▸ **WHAT YOU ARE ASKED TO DO**
Please report each line in the material below that includes "object".

╭──

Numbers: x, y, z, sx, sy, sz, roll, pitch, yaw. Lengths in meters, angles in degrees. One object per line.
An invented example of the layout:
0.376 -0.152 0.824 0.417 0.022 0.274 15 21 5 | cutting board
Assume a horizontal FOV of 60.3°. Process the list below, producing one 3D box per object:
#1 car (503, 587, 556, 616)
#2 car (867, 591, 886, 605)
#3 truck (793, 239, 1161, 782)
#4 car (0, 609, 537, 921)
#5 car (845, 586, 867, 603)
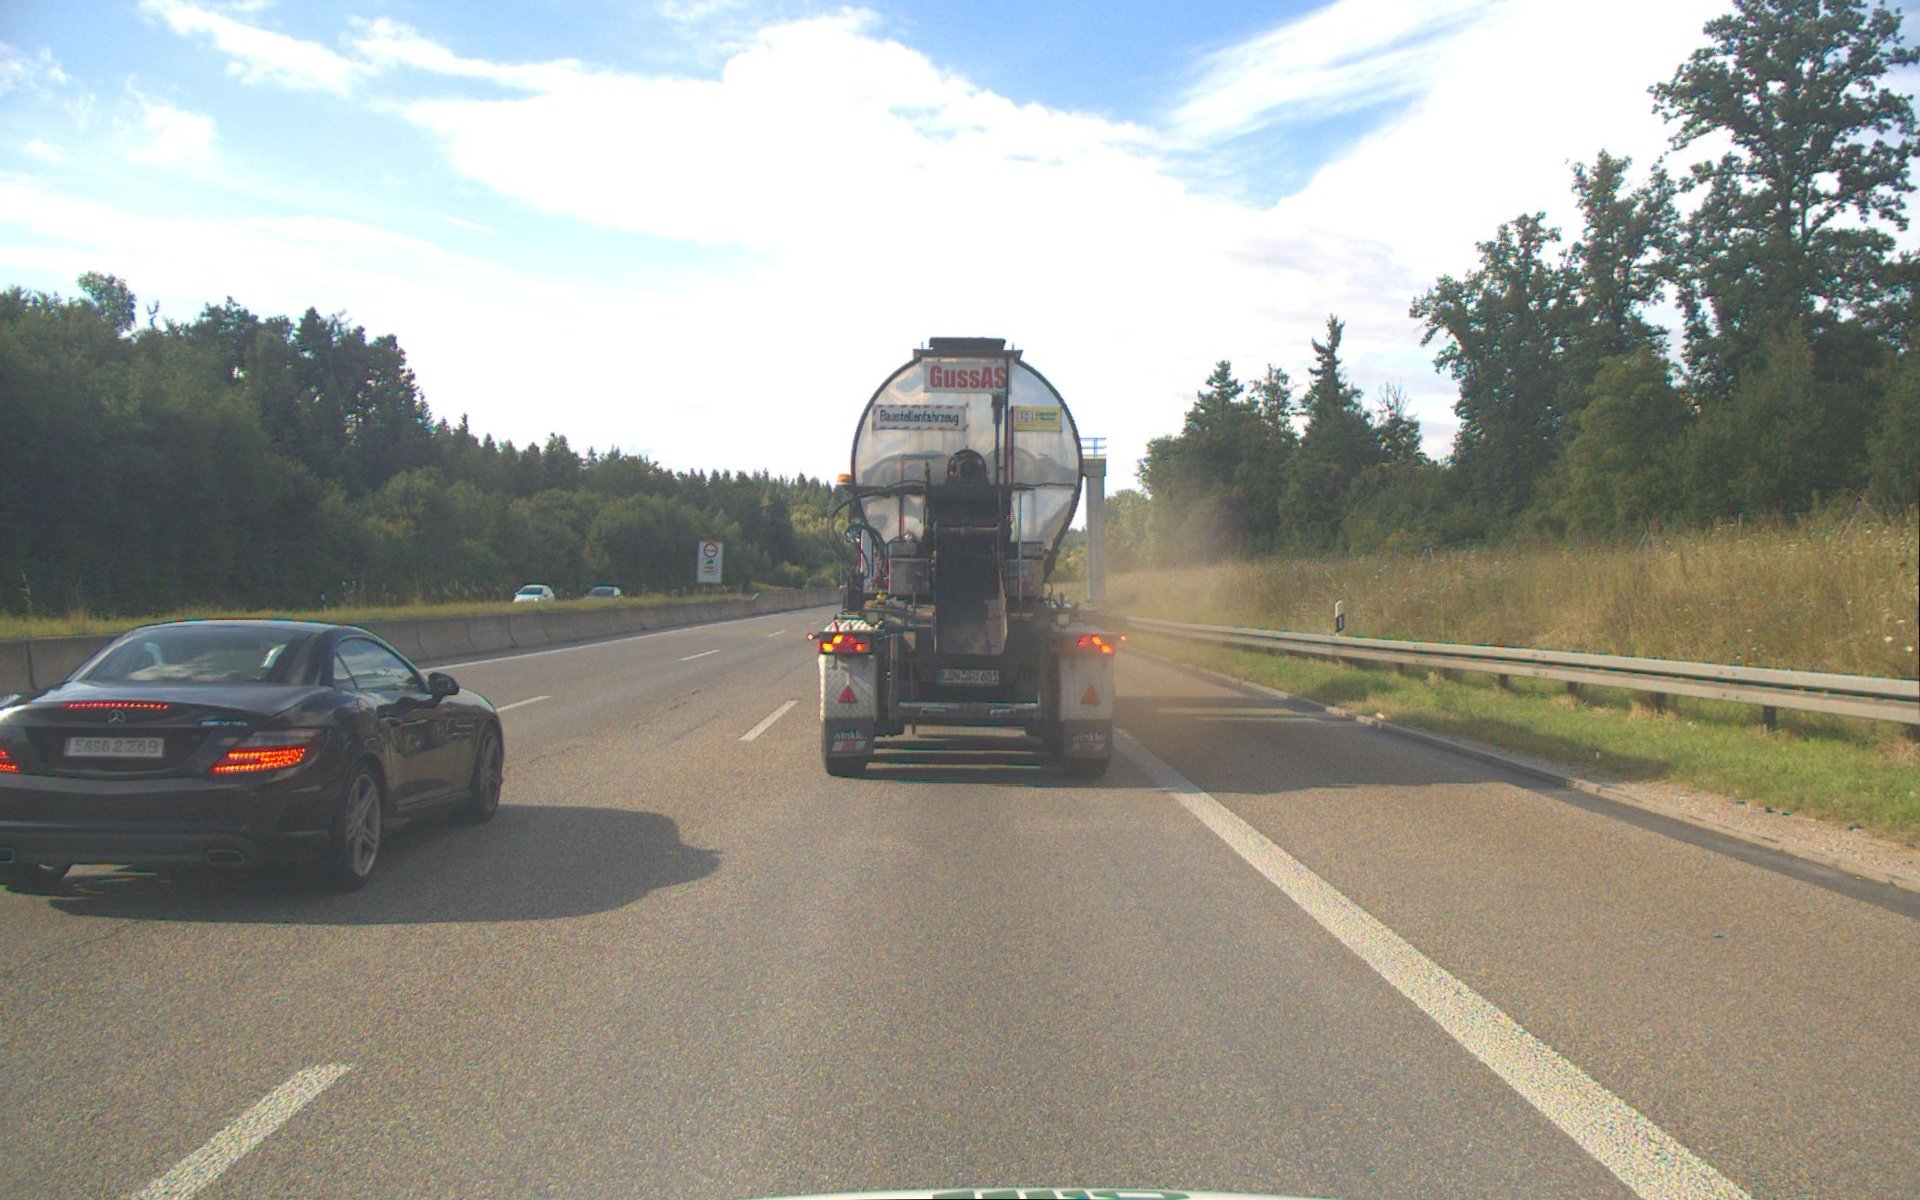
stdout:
-24.271 0.069 93.426 1.910 1.566 4.326 0 0 -1 | car
-8.816 -0.202 174.252 1.818 1.456 4.840 0 0 -1 | car
0.062 -0.729 18.578 2.853 4.230 11.268 0 0 -1 | truck
-3.754 0.735 9.327 1.709 1.306 4.198 0 0 -1 | car
-9.357 -0.481 148.567 1.798 1.544 4.332 0 0 -1 | car

╰──

▸ **SOLUTION**
Numbers: x, y, z, sx, sy, sz, roll, pitch, yaw. Lengths in meters, angles in degrees. One object per line.
Assume a horizontal FOV of 60.3°. Process the list below, producing one 3D box per object:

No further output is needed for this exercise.